The problem: Copy, exactly and without additions, every line in the records below from the one holding "4) trailer [974,574,1029,633]" through the one holding "14) trailer [198,514,437,670]", both ends included.

#### Provided entries

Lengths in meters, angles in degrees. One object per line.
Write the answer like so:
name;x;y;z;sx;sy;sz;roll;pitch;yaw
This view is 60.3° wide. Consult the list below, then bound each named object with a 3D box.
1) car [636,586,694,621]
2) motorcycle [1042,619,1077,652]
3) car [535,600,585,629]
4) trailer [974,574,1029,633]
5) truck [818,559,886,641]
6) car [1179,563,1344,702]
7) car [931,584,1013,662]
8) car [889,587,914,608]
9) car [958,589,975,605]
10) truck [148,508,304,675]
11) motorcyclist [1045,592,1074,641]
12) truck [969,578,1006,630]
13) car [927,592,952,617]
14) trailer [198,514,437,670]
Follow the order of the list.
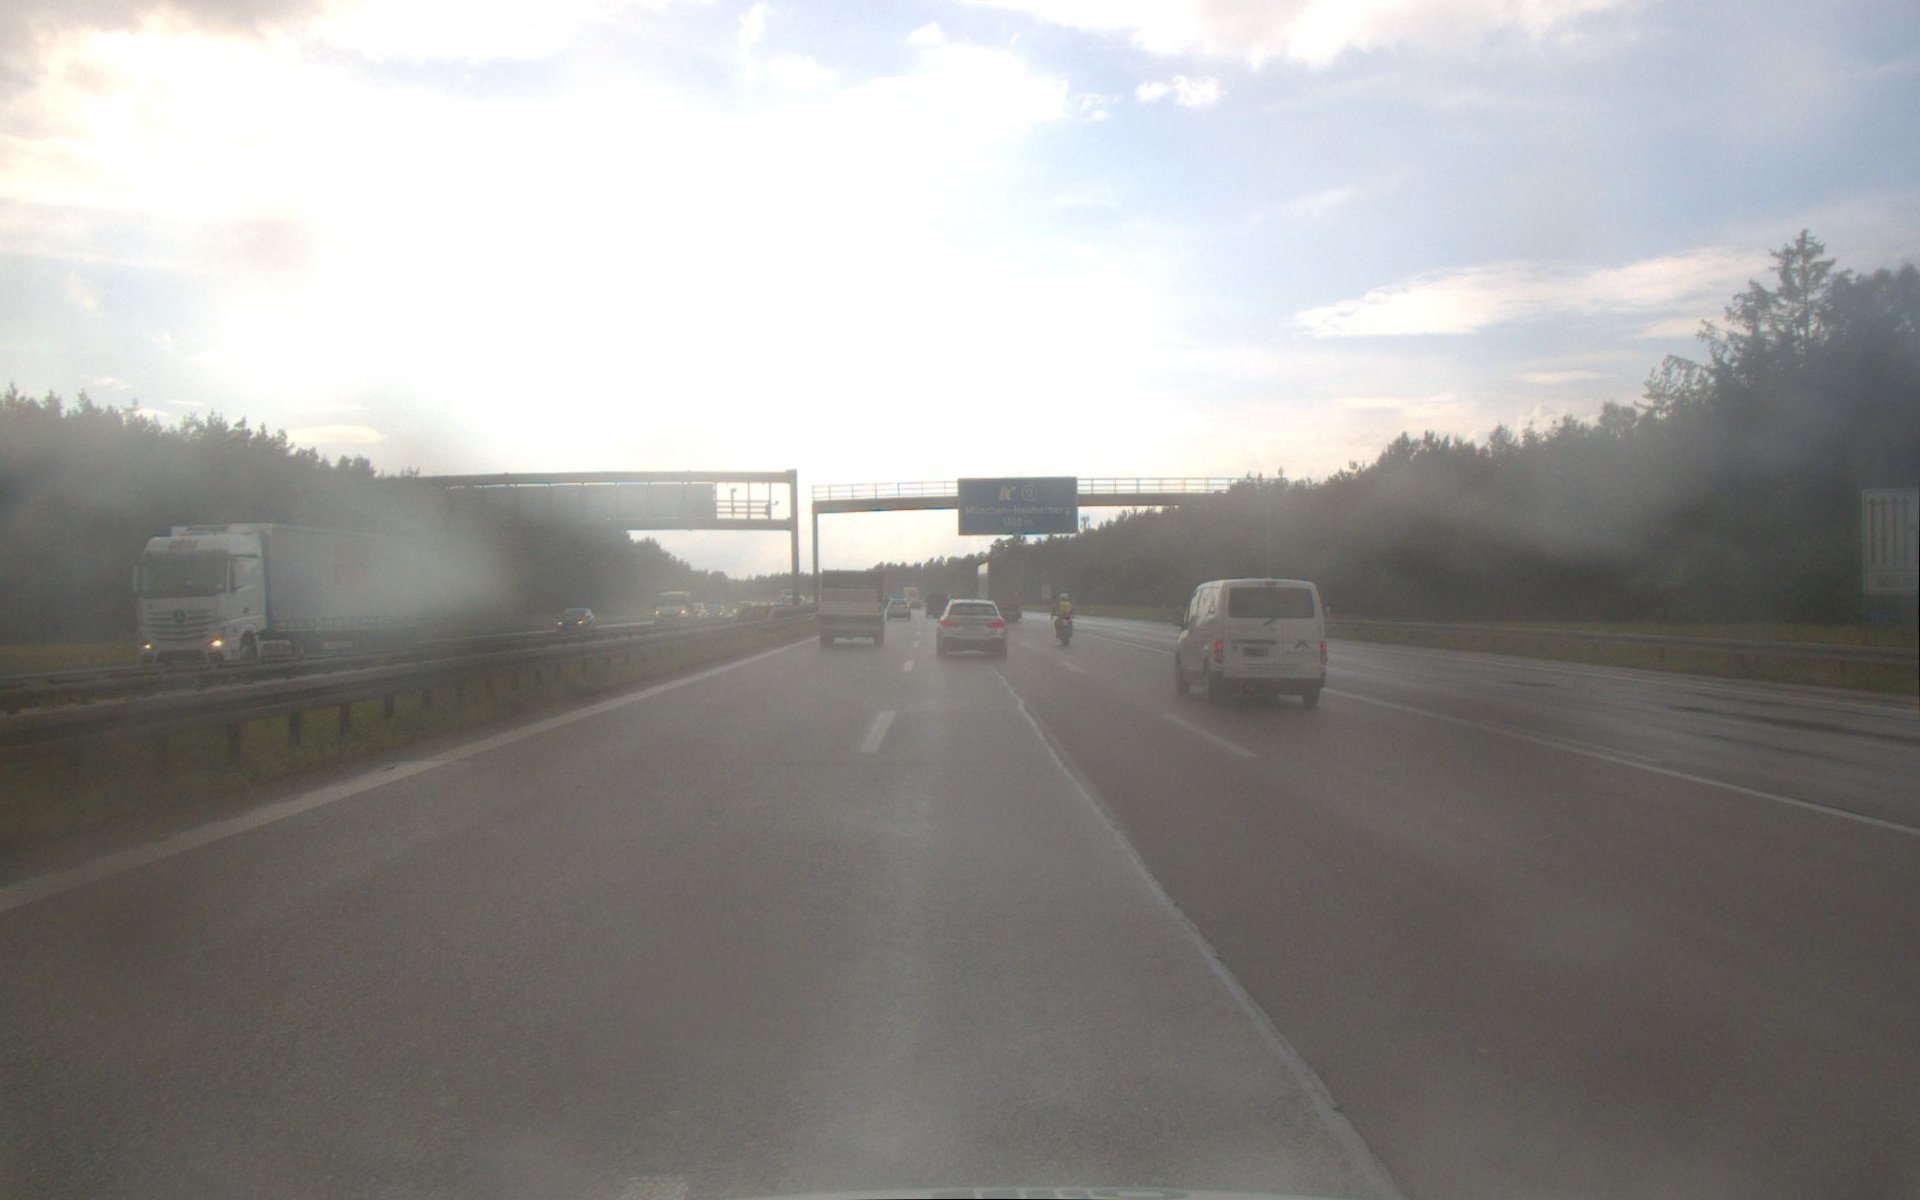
car;-18.090;0.218;101.743;2.236;2.049;6.739;1;0;1
motorcycle;3.314;1.188;55.539;0.979;1.049;2.173;0;0;-2
car;-21.402;0.749;88.646;1.638;1.485;4.560;-1;0;-2
trailer;2.952;0.273;120.979;2.279;4.072;13.393;0;0;-6
truck;-3.488;0.006;53.431;2.095;2.533;5.308;0;0;-4
car;4.587;0.463;25.870;1.922;1.935;4.883;1;0;3
car;0.334;0.558;43.919;2.035;1.918;5.011;1;0;1
car;-4.164;-0.162;118.171;1.794;1.492;3.998;0;0;-2
car;0.786;-0.380;212.285;1.954;2.049;3.997;1;0;-3
truck;-20.121;-0.212;45.592;2.095;4.312;4.706;1;0;0
motorcyclist;3.337;0.552;55.417;0.873;1.643;0.958;0;0;-2
truck;2.126;0.341;128.631;2.250;3.936;5.384;0;0;-6
car;-1.737;0.335;137.617;1.870;2.049;3.997;0;0;-3
trailer;-20.206;-0.205;53.370;2.055;4.315;14.623;1;0;-1

########

Answer for this exercise:
4) trailer [974,574,1029,633]
5) truck [818,559,886,641]
6) car [1179,563,1344,702]
7) car [931,584,1013,662]
8) car [889,587,914,608]
9) car [958,589,975,605]
10) truck [148,508,304,675]
11) motorcyclist [1045,592,1074,641]
12) truck [969,578,1006,630]
13) car [927,592,952,617]
14) trailer [198,514,437,670]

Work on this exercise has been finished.